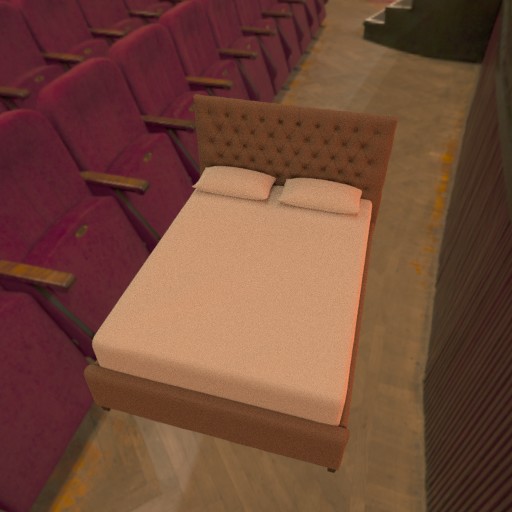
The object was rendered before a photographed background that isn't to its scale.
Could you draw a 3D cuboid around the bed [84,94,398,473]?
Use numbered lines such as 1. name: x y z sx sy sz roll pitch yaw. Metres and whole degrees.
1. bed: 0.000 0.000 3.269 1.696 1.426 2.233 10 42 12
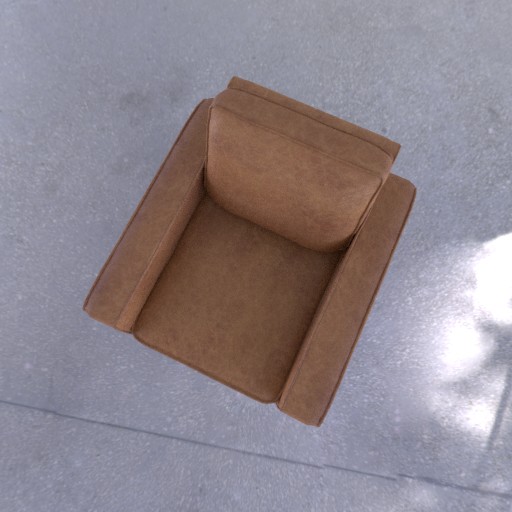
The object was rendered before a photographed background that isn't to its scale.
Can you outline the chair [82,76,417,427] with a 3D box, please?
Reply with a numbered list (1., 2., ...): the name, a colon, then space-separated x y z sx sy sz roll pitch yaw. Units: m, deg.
1. chair: 0.000 0.000 1.776 0.987 0.901 1.027 22 77 5

■ ■ ■ ■ ■ ■ ■

Print every record above exactly, but no pictures.

Task answer
The object was rendered before a photographed background that isn't to its scale.
Could you draw a 3D cuboid around the bed [84,94,398,473]?
Use numbered lines such as 1. name: x y z sx sy sz roll pitch yaw. Metres and whole degrees.
1. bed: 0.000 0.000 3.269 1.696 1.426 2.233 10 42 12
The object was rendered before a photographed background that isn't to its scale.
Can you outline the chair [82,76,417,427] with a 3D box, please?
Reply with a numbered list (1., 2., ...): the name, a colon, then space-separated x y z sx sy sz roll pitch yaw. Units: m, deg.
1. chair: 0.000 0.000 1.776 0.987 0.901 1.027 22 77 5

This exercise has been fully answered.